California Rep. Darrell Issa, chairman of the House Committee on Oversight and Government Reform. AP Photo/Manuel Balce Ceneta

Updated: 3:59 p.m. ET

The House Oversight Committee is investigating a possible overlap between President Obama's official and political activities.

In a Monday letter to White House lawyer Kathryn Ruemmler, Darrell Issa, the chairman of the Oversight Committee, requests a number of documents related to what he describes as "an array of potentially illegal fundraising behavior."

The primary concerns as expressed in the letter include a March meeting at the White House between Mr. Obama, several DNC officials, and several donors to the president's re-election campaign, as well as the decision to film a campaign video in the White House. Additionally, the letter questions what Issa describes as Mr. Obama's "aggressively using the White House itself and federal employees within the Executive Office of the President (EOP) to solicit donations."

"Putting aside the negative impact that these fundraising tactics will have on the stature of the presidency generally, some of these tactics may also violate federal law," the letter reads.

A White House official strongly disputes the impropriety of the events in question, however, and argues that the actions in question are routine among sitting presidents.

"As we have said in the past, these activities were wholly appropriate and routinely done in past Administrations, as evidence by the scores of examples spanning the past three decades," a White House official told Hotsheet. "In fact, experts and lawyers have all said publicly that all of what the Obama team is doing is above board."

Regardless, a spokesman for the House Oversight Committee said the Obama administration had a "clear obligation" to answer the committee's questions, particularly in regard to the March meeting.
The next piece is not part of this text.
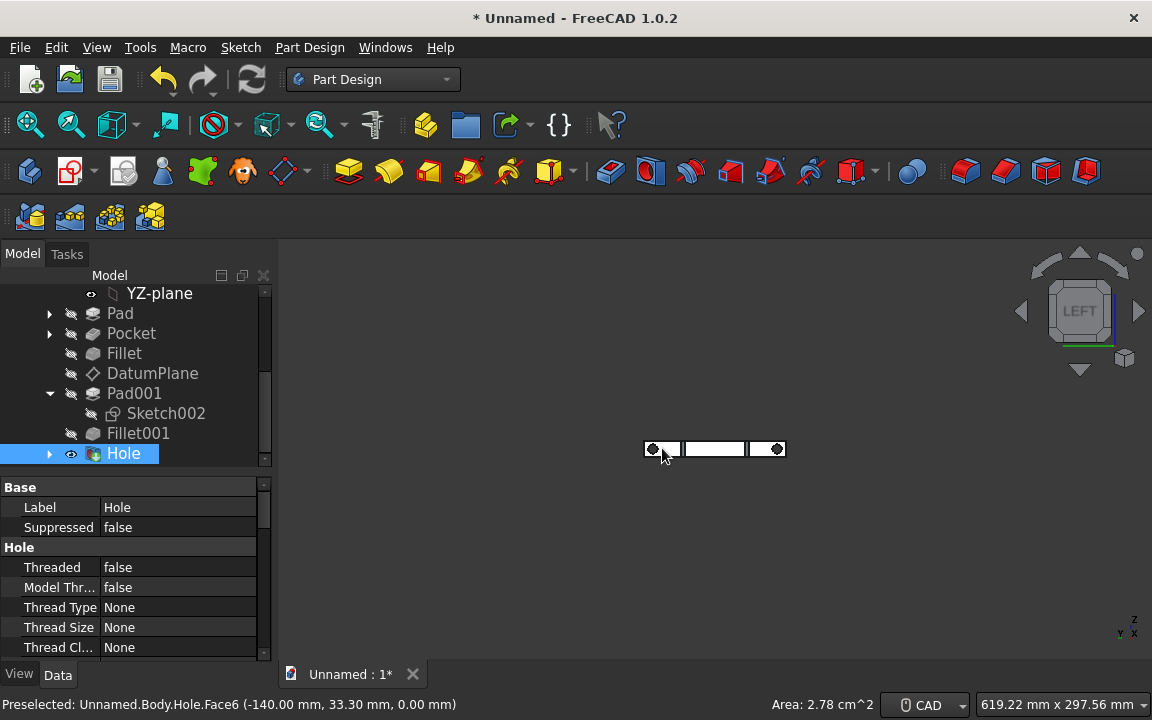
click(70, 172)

"The involvement of the DNC at a White House event that used public resources raises certain questions," said spokesman Frederick Hill. "The White House has a clear obligation in this matter to explain and document the real purpose of the event, why the DNC was involved, and the reason for the use of resources paid for by taxpayers to support a DNC event."

Issa has requested that documents and communications related to the events in question be turned over by July 26.